The source of relief that Cruz envisioned Segarra providing their children likely reflects a previous arrangement between the married couple that Antón would use his liberty to earn enough money to send funds to pay for their liberation from slavery.
Cruz spelled out this expectation in the final lines of her 1608 letter, when her anxiousness about Segarra’s silence became unbearable. In the closing lines of that epistle, Cruz beseeched Segarra to remember how much enslaved people desired liberty:
Dear brother of my soul, remember my predicament and how I am not in my house, even though it is true that these people raised me and treat me well.

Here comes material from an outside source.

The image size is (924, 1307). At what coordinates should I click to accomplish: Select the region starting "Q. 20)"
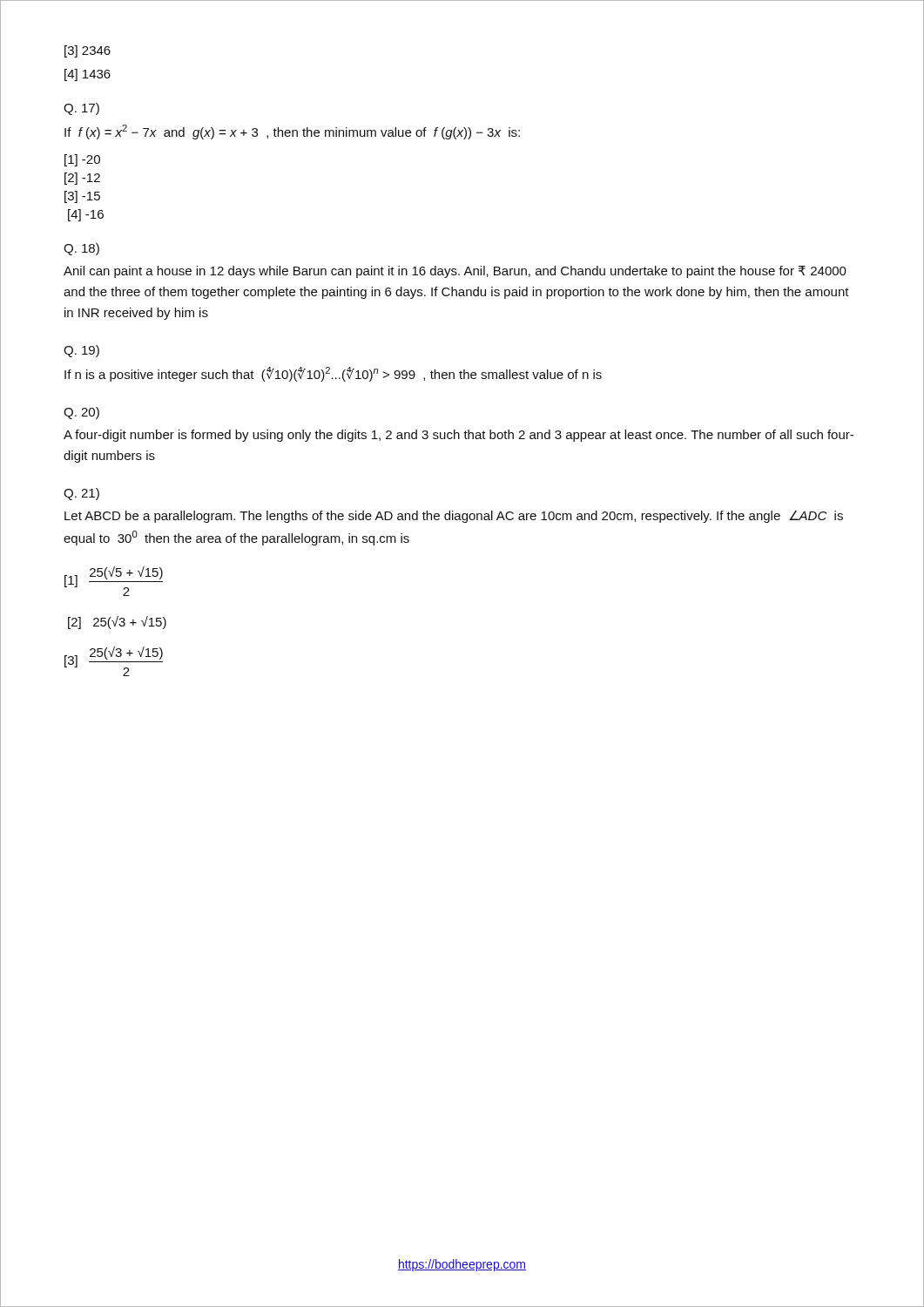click(82, 412)

You already know my [enslaved] condition and that it does not spare anyone, and so for your life’s sake keep this ahead of anything else and see that your children are captive, and suffering grief and spite. You already know how much we desire freedom. Let me know about your health.
These lines reveal how Cruz envisioned Segarra’s Atlantic sojourns as a means of accumulating capital to purchase their freedom.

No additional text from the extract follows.